Because no matter how disciplined you are, life will throw surprises at you.
The Stoic way isn’t to hope those things never happen:
it’s to be prepared when they do.
Money Rule Two: Your friends shape how you think and handle money
Choose friends who lift your financial thinking, not limit it.
This is the key lesson from Rich Dad Poor Dad: the difference between “poor” and “rich” often isn’t income — it’s mentality.
It’s how you see opportunity, how you react to fear, and how you use (or waste) what you already have.
Many of us grew up hearing:
“Money doesn’t grow on trees.”
“People who get rich are just lucky.”
“Investing is too risky.”
And because those ideas came from people we loved or trusted, we accepted them as truth.
But a Stoic questions everything — even inherited beliefs.
Your environment shapes your mindset.
If your friends complain about money, envy others’ success, or spend every paycheck the moment it hits their account — you’ll start doing the same, often without realising it.
That’s why it’s crucial to surround yourself with people who elevate you, not drain you.
Friends who cheer for your goals, talk about ideas instead of gossip, and remind you that discipline > desire.
They don’t need to be rich — they just need to be growth-oriented.
Money Rule Three: Investing isn’t for the rich — it’s how you get rich
A Stoic doesn’t wait for luck — he builds his fortune through discipline and time.
And nothing embodies that better than investing.
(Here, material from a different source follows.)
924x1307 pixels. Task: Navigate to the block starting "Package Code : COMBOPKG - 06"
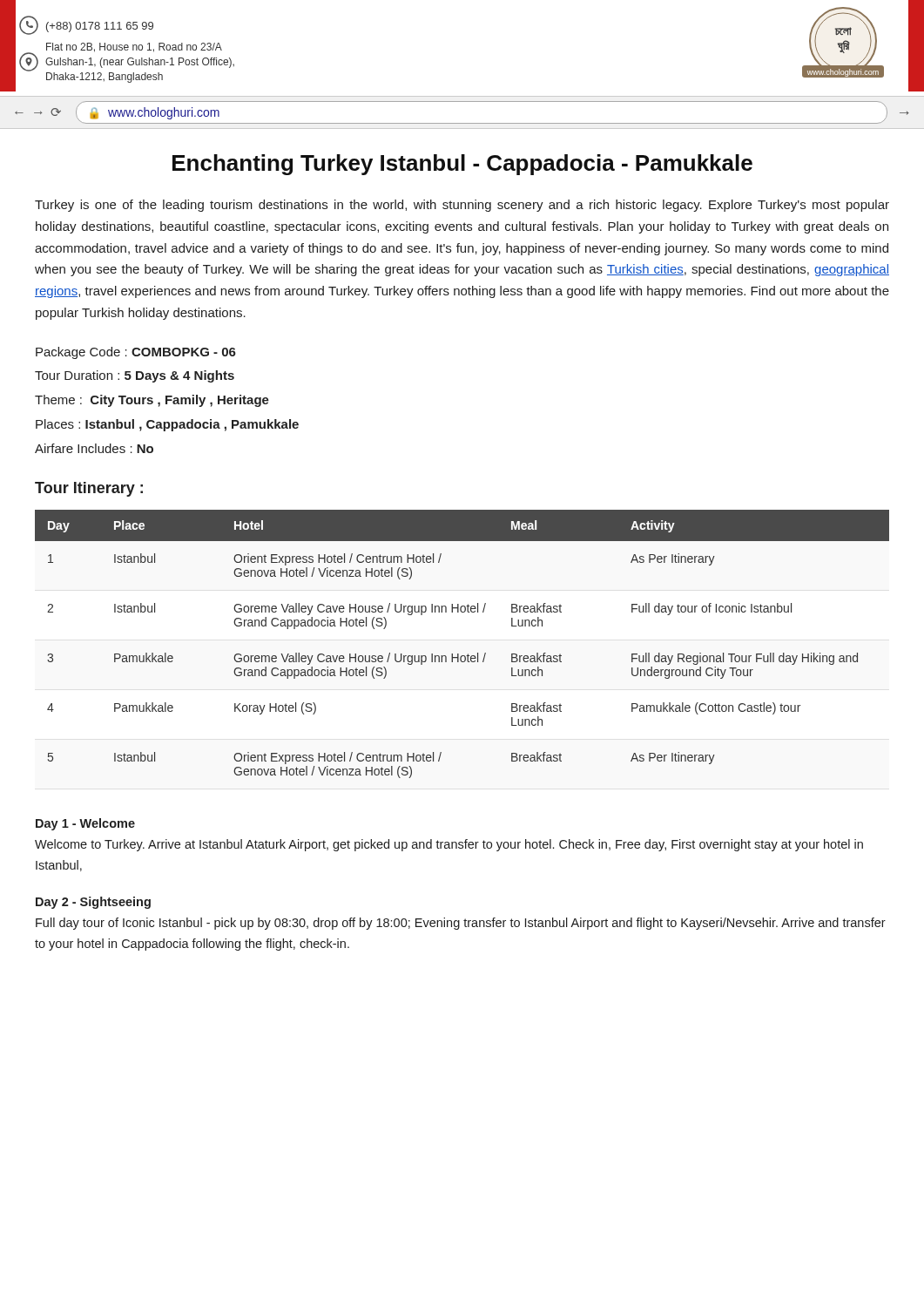[167, 399]

Many people still believe investing is something “for the rich.”
The truth is the opposite: it’s how ordinary people become wealthy over time.
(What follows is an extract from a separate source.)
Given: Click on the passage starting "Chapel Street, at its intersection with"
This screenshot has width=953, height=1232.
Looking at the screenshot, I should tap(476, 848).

You don’t need to predict markets or chase the next big trend — you just need consistency.
Start by opening a Stocks & Shares ISA — a simple, tax-advantaged account that lets your money grow free from capital gains and dividend taxes.
Inside it, you can invest in funds or ETFs that track the world’s biggest companies — letting your savings quietly compound, year after year.
Here’s the magic of compound interest:
When you invest, your money earns returns.
Then those returns start earning returns themselves.
Over time, this creates a snowball effect that accelerates as the years go by — not through effort, but through patience.
You’ll eventually realise most of your wealth didn’t come from what you contributed, but from what your money did while you weren’t watching.
Money Rule Four: You’re responsible for your future as much as for your present
A Stoic doesn’t live for instant pleasure, he lives with perspective — aware that today’s discipline builds tomorrow’s peace.
In money, that means thinking long-term.
It means building a system that supports your future self, so that one day you can live not out of necessity, but out of choice.
That’s where a SIPP (Self-Invested Personal Pension) comes in.
It’s a tax-advantaged account designed to help you grow wealth for the long run — the modern Stoic’s way of planning for freedom.
Each contribution to your SIPP is boosted by tax relief, meaning the government adds money on top of what you invest.
Your funds then grow tax-free until retirement, quietly compounding year after year.
And that’s the ultimate Stoic reward: not wealth for its own sake, but the peace that comes from knowing you’ve already prepared for whatever life may bring.
So that’s it — this, to me, is what it truly means to be a Stoic Investor.
It’s not about having the most money or the flashiest lifestyle; it’s about handling your finances in a calm, deliberate way that puts you in control.
So, note down these 4 key-rules and start being a Stoic Investor today:
1. Don’t spend more than you earn;
2. Your friends shape how you think and handle money;
3. Investing isn’t for the rich — it’s how you get rich;
4. You’re responsible for your future as much as for your present.